Y ahora sí, hay que pararse en medio de alguna
página para luego olvidarse si es que se quiere seguir avanzando con
la decisión de los puntos finales. La Chascona, ya en pie para 1970,
sería la casa por excelencia de la poesía y sus bondades.
Pero luego hay que bajar, seguir para Isla
Negra. Bajar y subir. Hay que pensar bien aunque difícil sea uno perderse.
La palabra “Neruda” siempre será el ancla.
Y de nuevo el agua y los vientos y las travesías.
Antes teníamos que cruzar un río, ahora está todo el océano Pacífico.
Al caminar a esta casa se tiene la sensación de estar yendo como a una
playa.
Isla Negra no es isla y lo único negro son
los grandes peñones en una parte de la costa.
Y ahora sí, ahora hay que entrar y acabar con
tantos rodeos. Estamos en una casa-barco, o travesía o pecera. Las viejas
cajas-sorpresa, los mascarones de proa, todo nos está diciendo que el
muchachón Neruda nunca quiso dejar de serlo. Sin embargo, mientras en
la Chascona está el placer y ese movimiento de a tres pasos y luego
una cama o una silla, aquí podrá ser lo infinito. Los lapiceros verdes
no aparecerán, pero sí las baratijas que hicieron tan feliz.
Todo es barco y travesía. Hasta las mesa del
patio está hecha a imagen y semejanza de un algo que está rodando, para
no hablar del ancla a un lado del camino, de las campanas que tientan
tanto y que uno no toca porque de otra manera no habrían razones para
volver o quedarse por ahí.
La ruta hay que seguirla. La Sebastiana será
la casa de Valparaíso. A la ciudad se llega bajando y luego hay que
subir con esa sensación de despeñarse en cualquier descuido. Muchísimas
otras sensaciones están aquí, en la cabeza, o siguen de largo, como
ratones ocupados en cosa que no son ni queso ni cita.

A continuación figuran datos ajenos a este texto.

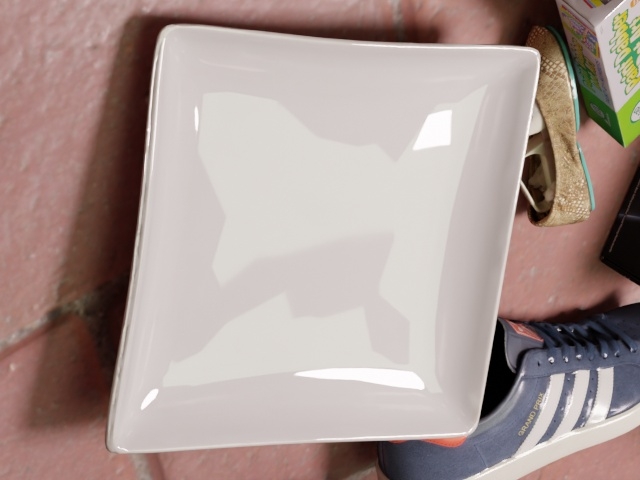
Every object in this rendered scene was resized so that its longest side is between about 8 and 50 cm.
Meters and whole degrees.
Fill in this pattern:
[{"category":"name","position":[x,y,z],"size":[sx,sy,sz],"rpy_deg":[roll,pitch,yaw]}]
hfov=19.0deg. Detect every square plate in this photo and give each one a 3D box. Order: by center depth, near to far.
[{"category":"square plate","position":[0.000,0.000,1.545],"size":[0.347,0.049,0.344],"rpy_deg":[0,106,-29]}]

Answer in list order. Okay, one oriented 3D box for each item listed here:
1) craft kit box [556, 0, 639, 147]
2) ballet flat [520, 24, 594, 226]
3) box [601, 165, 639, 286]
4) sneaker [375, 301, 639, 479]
[{"category":"craft kit box","position":[0.318,-0.224,1.637],"size":[0.246,0.061,0.250],"rpy_deg":[-41,155,-2]},{"category":"ballet flat","position":[0.194,-0.091,1.679],"size":[0.067,0.073,0.206],"rpy_deg":[-23,124,-9]},{"category":"box","position":[0.367,-0.026,1.793],"size":[0.077,0.147,0.180],"rpy_deg":[10,108,-41]},{"category":"sneaker","position":[0.200,0.114,1.755],"size":[0.350,0.131,0.148],"rpy_deg":[-27,124,-28]}]
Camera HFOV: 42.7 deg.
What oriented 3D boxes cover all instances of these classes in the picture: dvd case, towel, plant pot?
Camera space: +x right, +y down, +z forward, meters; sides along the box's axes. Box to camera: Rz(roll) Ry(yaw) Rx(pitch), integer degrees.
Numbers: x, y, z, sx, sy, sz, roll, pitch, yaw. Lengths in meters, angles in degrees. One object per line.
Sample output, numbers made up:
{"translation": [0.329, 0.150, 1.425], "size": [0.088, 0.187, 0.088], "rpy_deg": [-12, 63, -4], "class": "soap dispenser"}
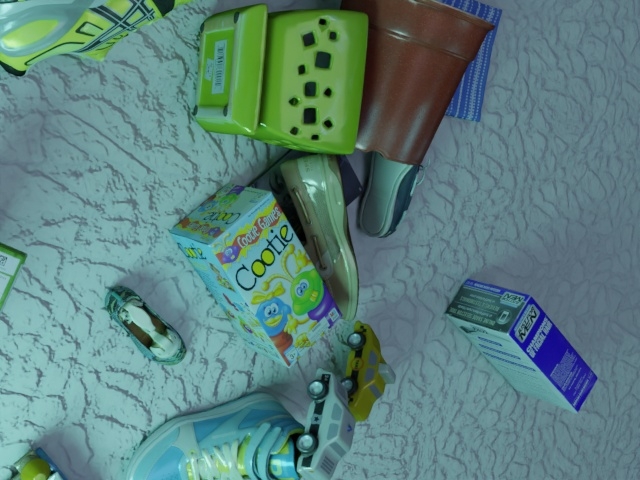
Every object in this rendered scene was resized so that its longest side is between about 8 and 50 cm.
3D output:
{"translation": [-0.029, -0.090, 1.505], "size": [0.221, 0.018, 0.164], "rpy_deg": [-43, 121, -22], "class": "dvd case"}
{"translation": [0.224, -0.381, 1.618], "size": [0.336, 0.040, 0.243], "rpy_deg": [6, 96, -36], "class": "towel"}
{"translation": [0.124, -0.286, 1.414], "size": [0.272, 0.272, 0.265], "rpy_deg": [9, 108, -37], "class": "plant pot"}
{"translation": [-0.075, -0.263, 1.317], "size": [0.207, 0.227, 0.228], "rpy_deg": [2, 98, -30], "class": "plant pot"}

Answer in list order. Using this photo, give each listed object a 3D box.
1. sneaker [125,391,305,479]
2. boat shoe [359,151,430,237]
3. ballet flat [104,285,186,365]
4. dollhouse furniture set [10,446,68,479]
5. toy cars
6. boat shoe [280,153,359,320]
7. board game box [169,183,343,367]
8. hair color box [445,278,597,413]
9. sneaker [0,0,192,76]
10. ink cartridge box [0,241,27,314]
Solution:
{"translation": [-0.154, 0.370, 1.385], "size": [0.319, 0.208, 0.127], "rpy_deg": [-22, 113, -30], "class": "sneaker"}
{"translation": [0.150, -0.125, 1.573], "size": [0.079, 0.095, 0.254], "rpy_deg": [-4, 111, -55], "class": "boat shoe"}
{"translation": [-0.279, 0.150, 1.342], "size": [0.070, 0.070, 0.188], "rpy_deg": [-52, 124, -16], "class": "ballet flat"}
{"translation": [-0.440, 0.519, 1.215], "size": [0.286, 0.198, 0.303], "rpy_deg": [-38, 118, -24], "class": "dollhouse furniture set"}
{"translation": [0.060, 0.285, 1.479], "size": [0.394, 0.087, 0.176], "rpy_deg": [-41, 127, -62], "class": "toy cars"}
{"translation": [0.000, 0.000, 1.474], "size": [0.110, 0.121, 0.341], "rpy_deg": [-11, 118, -2], "class": "boat shoe"}
{"translation": [-0.105, 0.058, 1.400], "size": [0.142, 0.144, 0.275], "rpy_deg": [-43, 121, -22], "class": "board game box"}
{"translation": [0.446, 0.233, 1.805], "size": [0.339, 0.185, 0.110], "rpy_deg": [43, 73, -34], "class": "hair color box"}
{"translation": [-0.317, -0.353, 1.199], "size": [0.385, 0.145, 0.147], "rpy_deg": [-23, 142, -33], "class": "sneaker"}
{"translation": [-0.504, 0.115, 1.072], "size": [0.097, 0.189, 0.255], "rpy_deg": [29, 72, -32], "class": "ink cartridge box"}
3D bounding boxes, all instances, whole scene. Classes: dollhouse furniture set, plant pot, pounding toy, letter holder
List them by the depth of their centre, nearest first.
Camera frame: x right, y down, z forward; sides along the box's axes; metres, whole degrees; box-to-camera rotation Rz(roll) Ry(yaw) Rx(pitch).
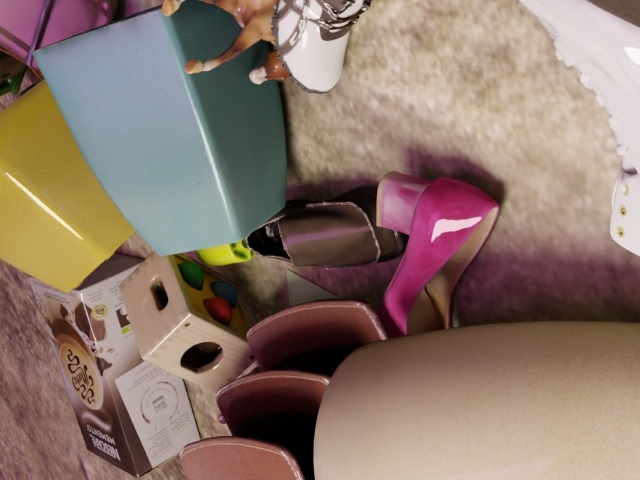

Por aquí no pasa un río. Por aquí el mar es
sólo evocación o lejanía. No hay nuevos ni grandes hallazgos. El mar
sigue crepitando en estas paredes de colores primarios. Las paredes
están llenas de abalorios y tesoros rescatados de algún naufragio. Neruda
ya ha crecido más allá de nuestros ojos y nuestras palabras.
Al poeta hay que celebrarlo ahora, aquí, en
Valparaíso. “Mi casa, tu casa, tu sueño en mis ojos” le escribió Neruda
a Matilde en aquel poema “La Chascona”.
Hay demasiada poesía. Por suerte el mar no
está tan lejos y la brisa que nos nos deja. Que no nos deja.